In April 2004, the Pakistani army signed the first of several peace deals with the militants in South Waziristan. As part of that deal, Pakistan agreed to grant amnesty to militant leader Nek Muhammad, release their Taliban prisoners, pay compensation to the militants, allow foreign militants to register with the authorities, and leave the militants in complete control of the territory they occupied. The peace deal resulted in the newly emboldened Muhammad refusing to register foreign militants, executing over 300 local Pashtun tribal leaders, and killing countless civilians. The Pakistani army eventually launched a military operation in the Federally Administered Tribal Areas (FATA) that, instead of killing or capturing Muhammad, resulted in further civilian casualties and displacement. What eventually stopped Muhammad was a U.S. drone strike that killed him in June of that year.
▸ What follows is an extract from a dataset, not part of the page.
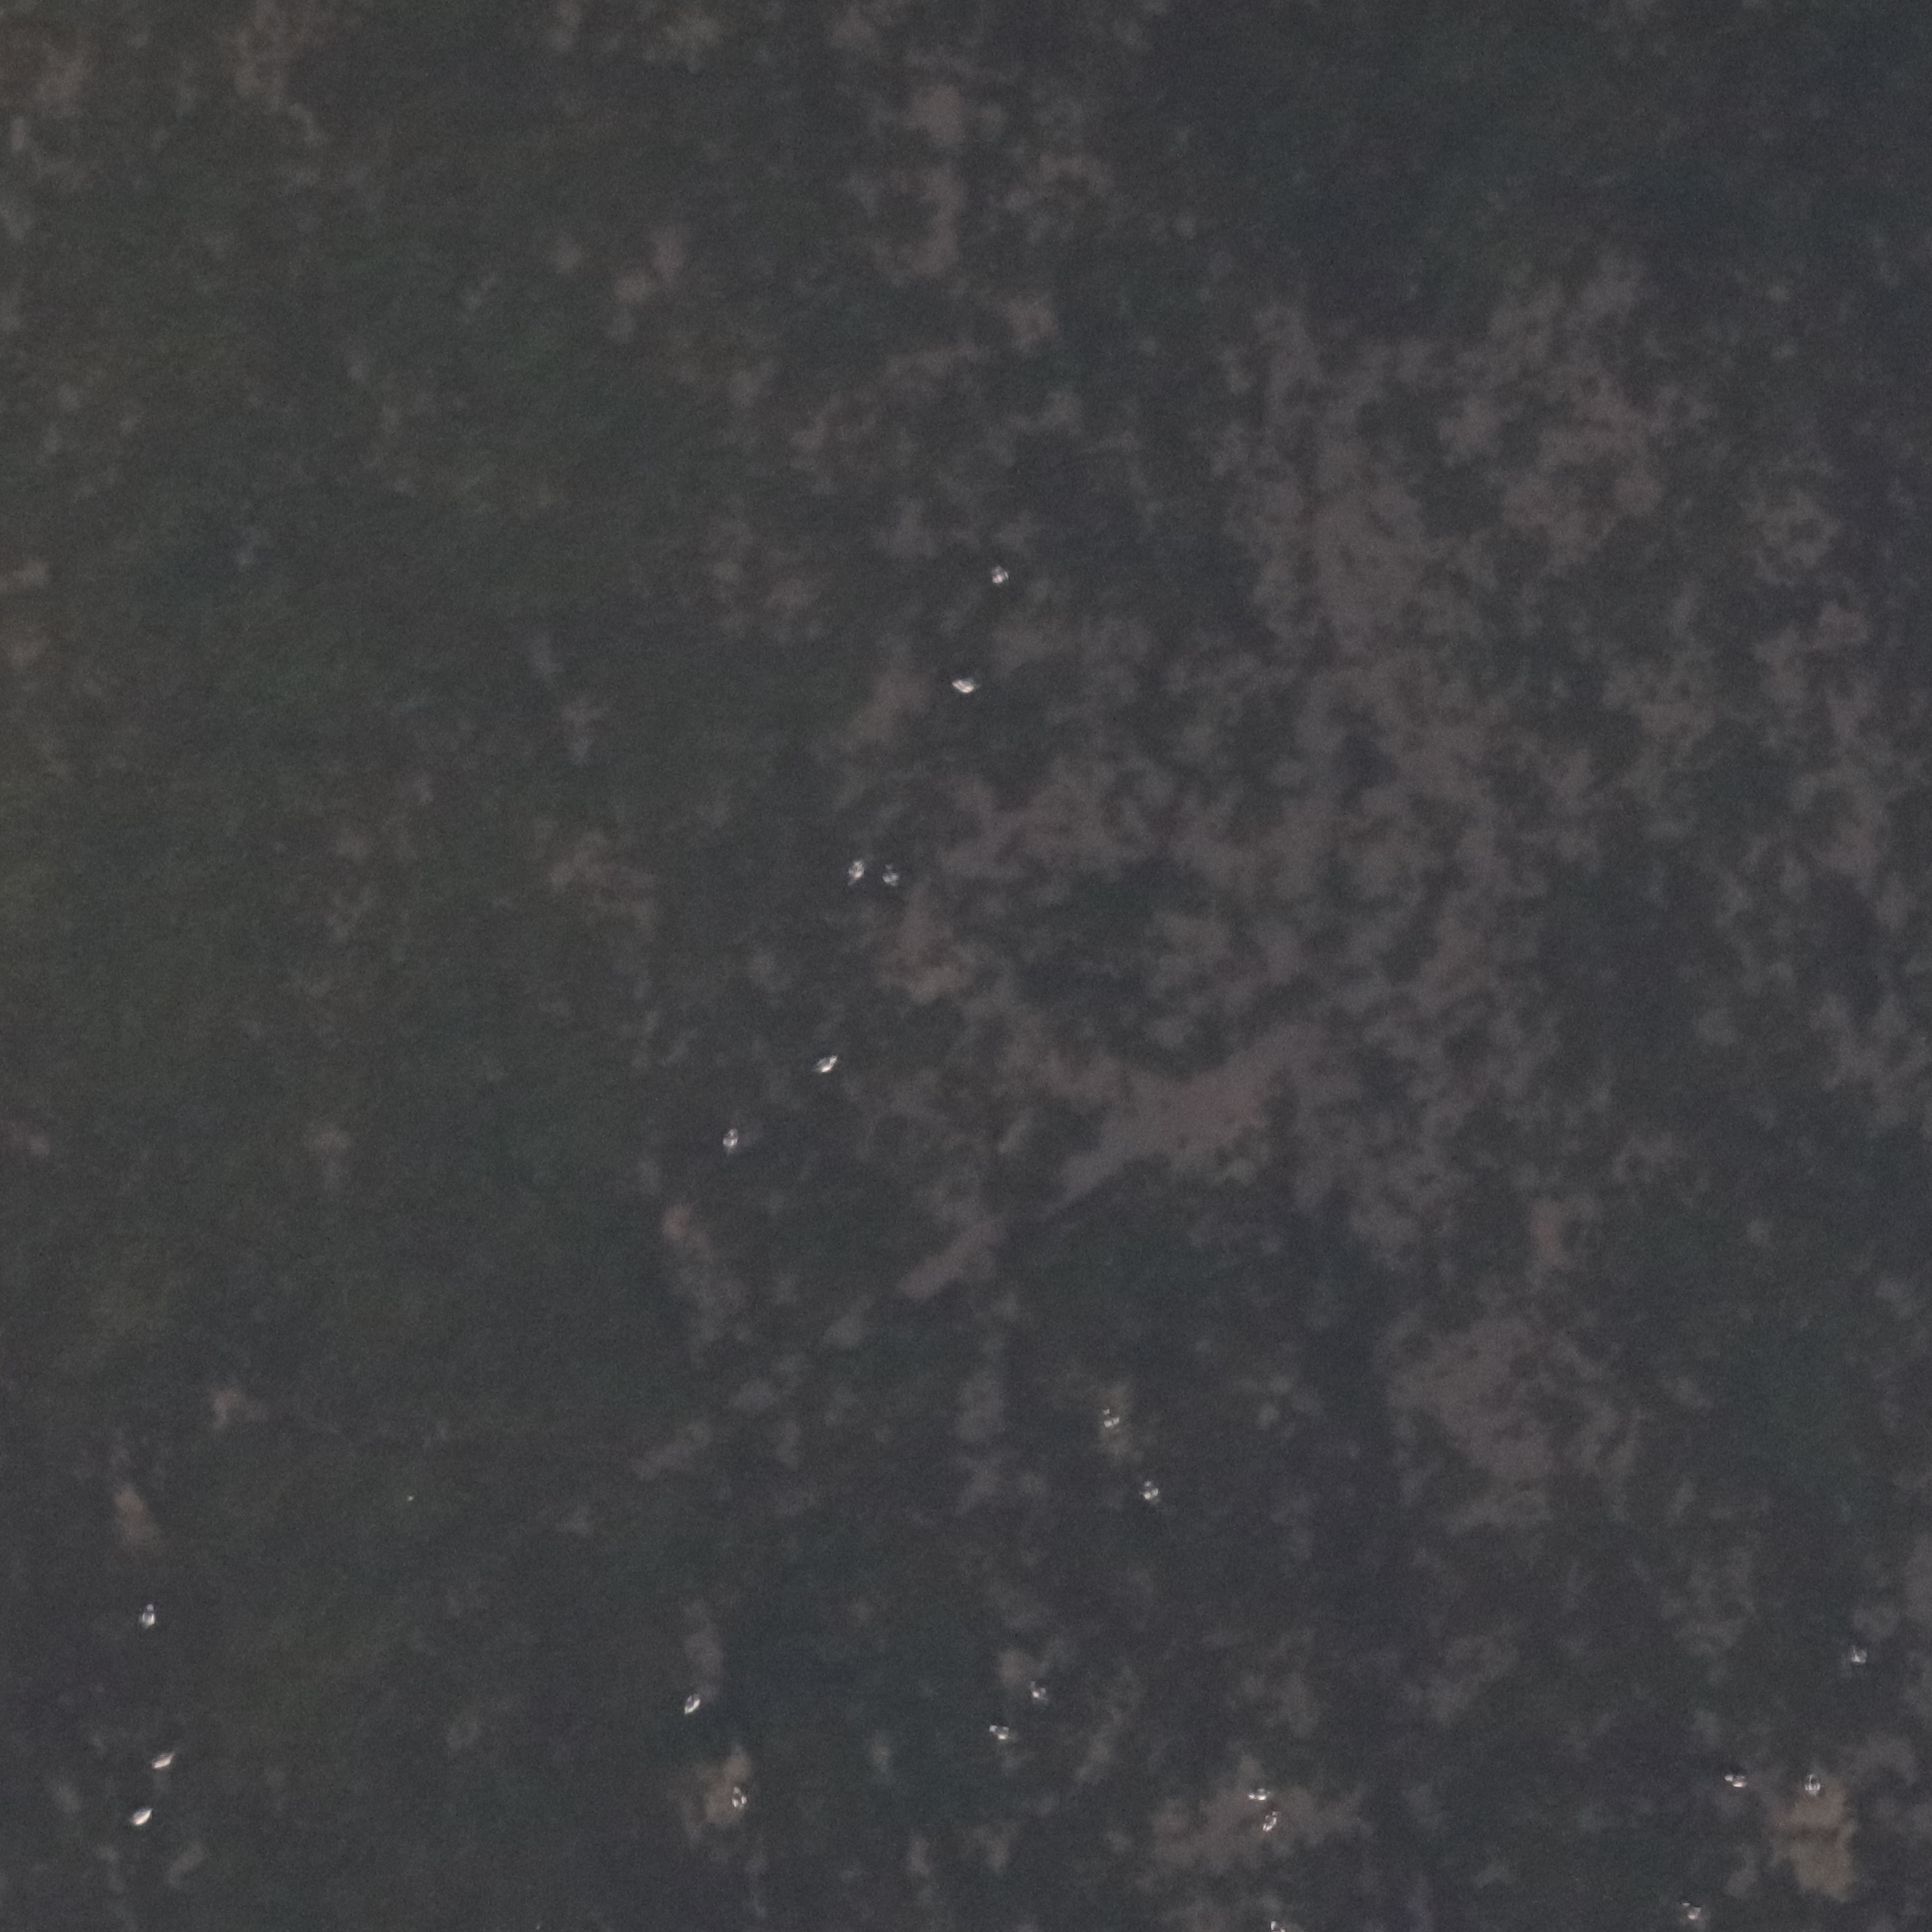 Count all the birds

22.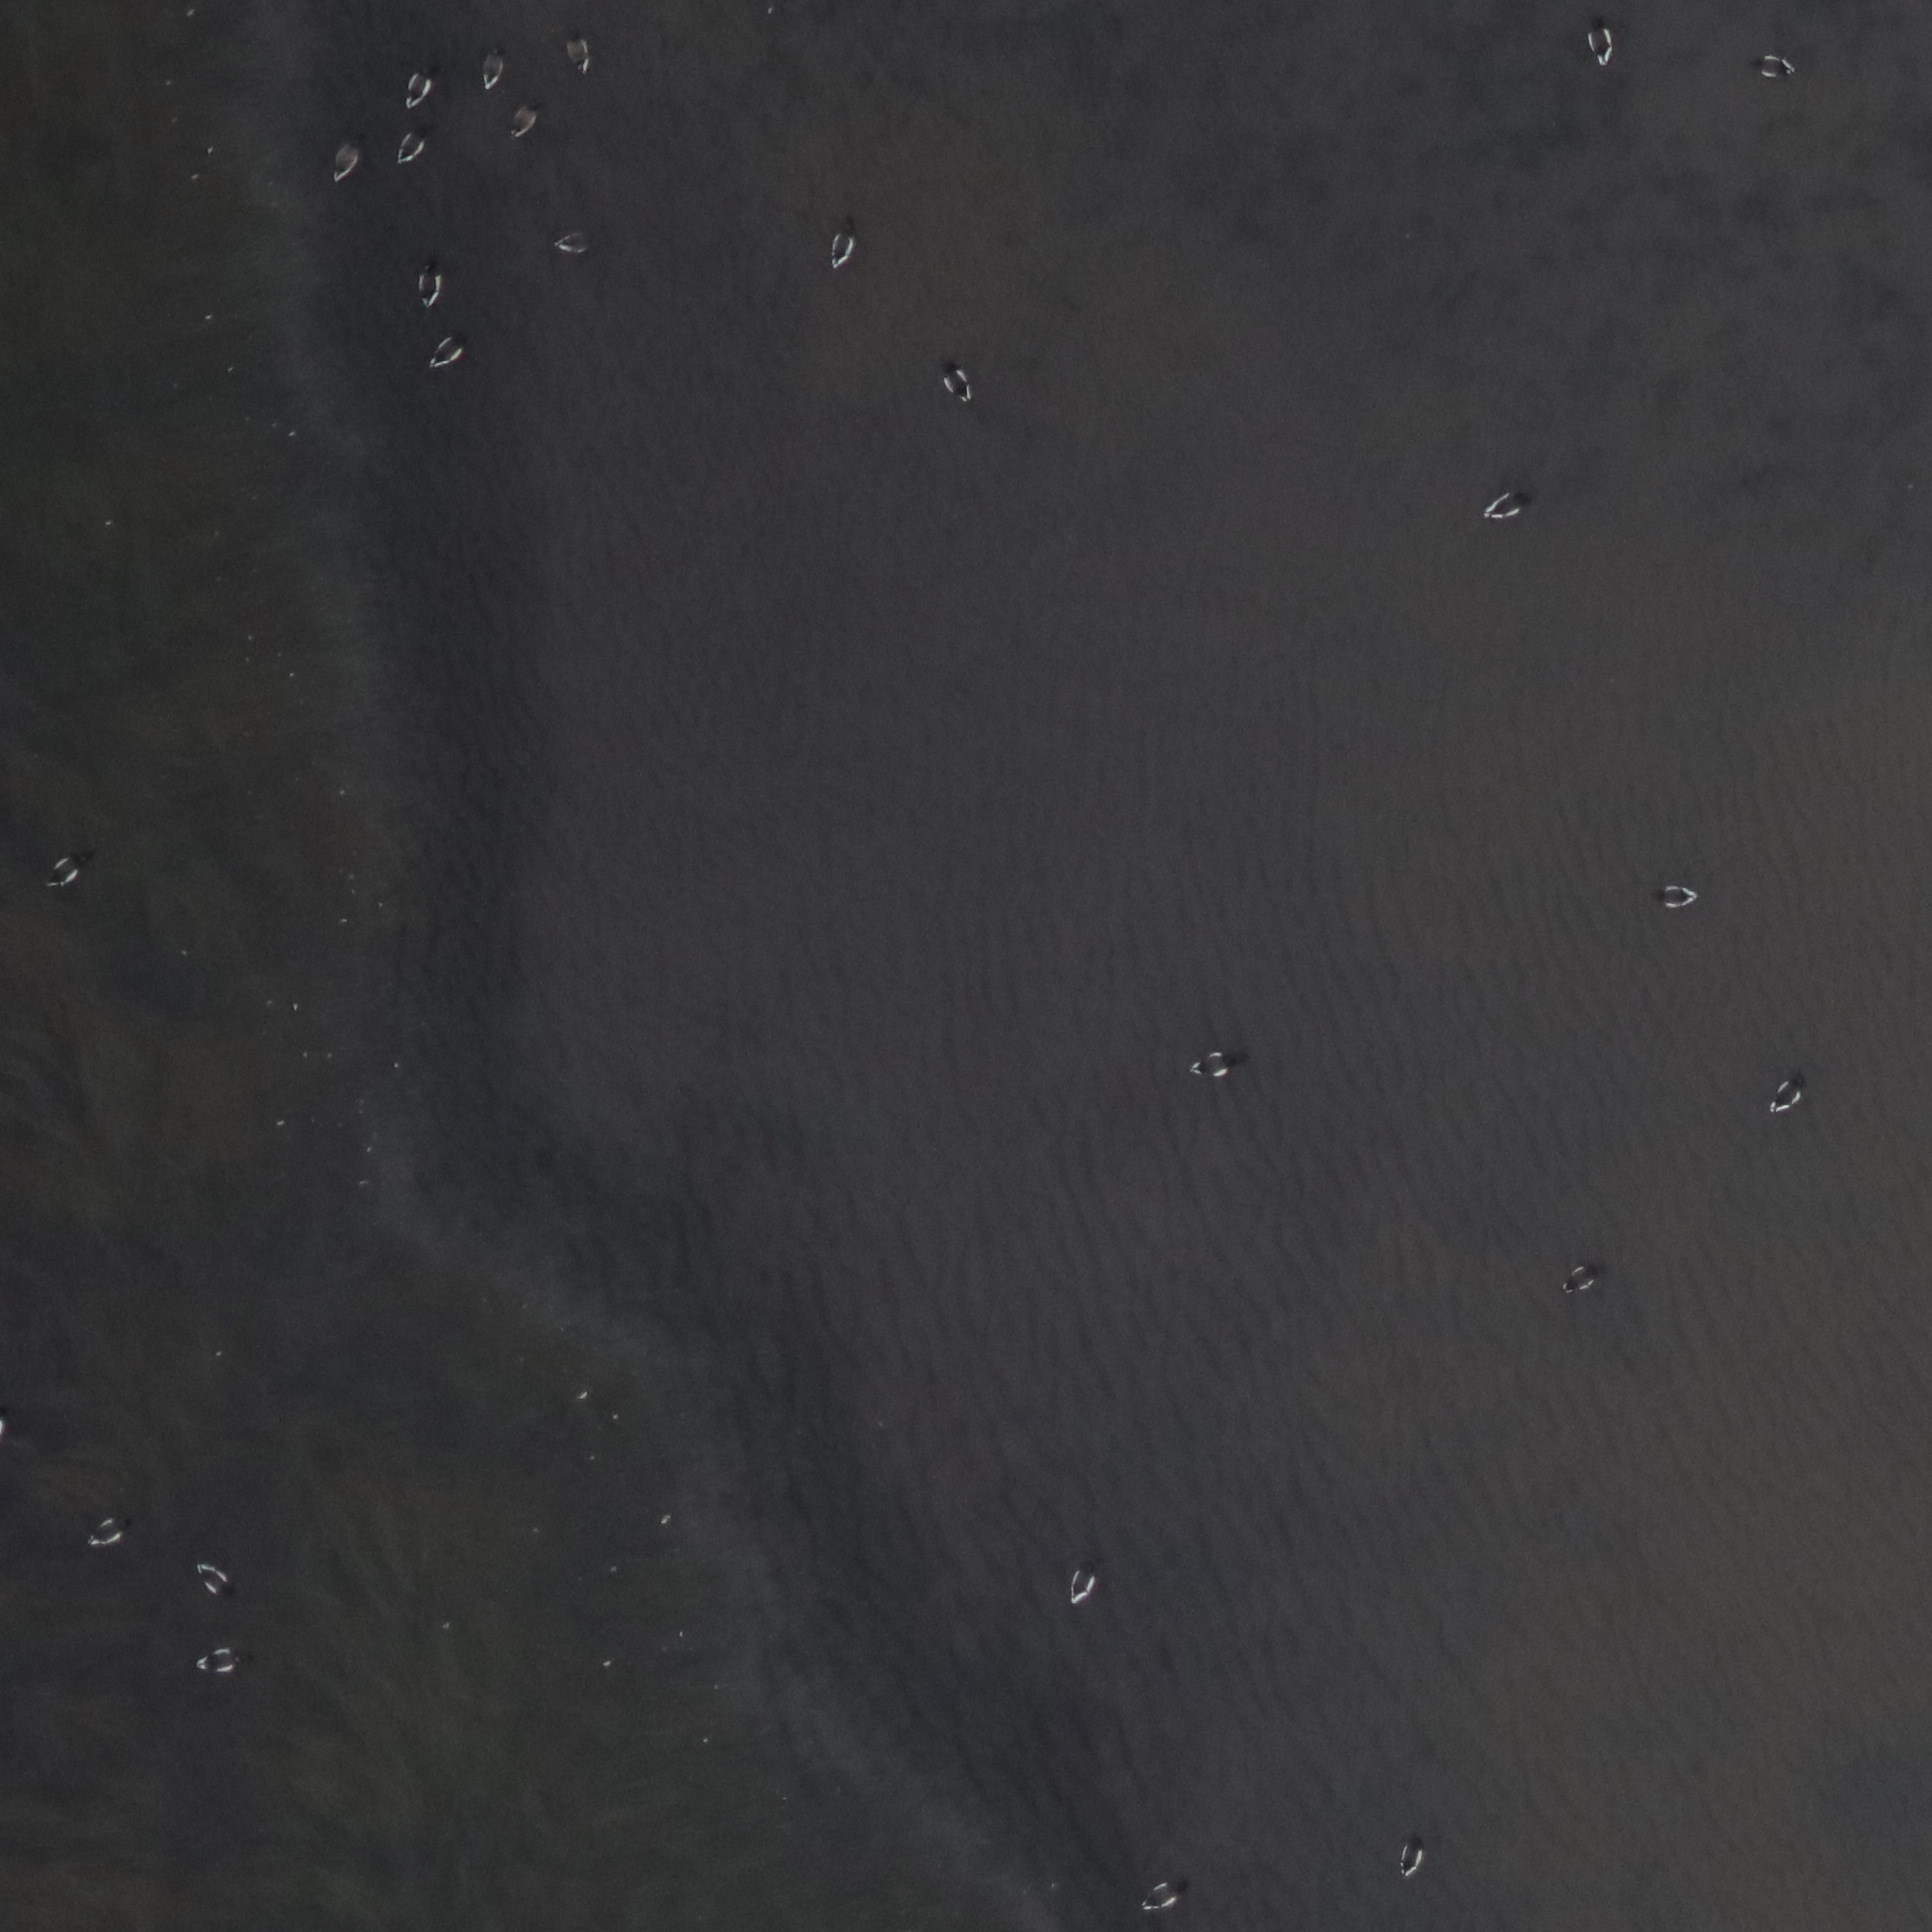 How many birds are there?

25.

In 2005, the Pakistani military reached its second peace agreement in FATA with Baitullah Mehsud. As part of that deal, the Pakistani army agreed not to target Mehsud and his supporters. The militants were not required to give up their arms, nor did they have to turn foreign militants into the authorities. Like the first agreement, the deal also left the militants in charge of the territory they occupied. The agreement only required that the militants cease their attacks on Pakistani military targets. As with Muhammad, the deal enhanced Mehsud’s stature and made him and his militants the sole authority in parts of FATA. In subsequent months, the Taliban’s brutality against the local population increased. The Taliban set up their own courts and administration in FATA. They banned television, music, and the Internet. They destroyed dozens of girls’ schools while religious madrassas multiplied in numbers. This again led to a military operation that did not kill or capture Mehsud but resulted in more civilian deaths and displacement, and lLike Muhammad, it was a U.S. drone that finally killed him in 2009.

Another example of these failed peace deals were the 2008 and 2009 Swat agreements with the militants, both of which resulted in a more emboldened Taliban and increased civilian sufferings. Starting in 2001 (well before the U.S. drone program), Fazlullah, then just a militant cleric, began implementing his perverted version of shari’a law in the Swat Valley. Following a military operation in 2008, the Pakistani government reached a 16-point agreement with Fazlullah’s Swat faction to bring an end to the Taliban violence. Within days of the deal, the militants increased their brutality against the local civilians and continued their destruction of homes, schools, and shops.

The Pakistani army signed yet another peace deal with the Taliban in February 2009, allowing the Taliban to set up their own state within a state in Swat. The result of was an emboldened Taliban that took control of the local administration, police, and education, and even made advances into neighboring Buner, Shangla, and Dir districts. They destroyed over a hundred schools and countless homes and shops. They started flogging, beheading, and executing local Pashtuns that did not abide by their medieval rules. They forbade women’s education and allowed women to leave the house only when fully covered and with a male chaperone.

The brutality became so severe that more than 2.5 million refugees fled Swat and adjoining districts, creating the worst humanitarian crisis since Rwanda in 1994, according to the United Nations. Upon severe pressure from the United States, the Pakistani army once again went into the Swat Valley to conduct yet another operation, only to face an even stronger Taliban. Once again, the result of that operation was more civilian deaths and property destruction. And the entire Taliban leadership, including Fazlullah and his 20 commanders managed to escape safely, leaving Fazlullah free to return in 2013 as the leader of the entire Pakistani Taliban.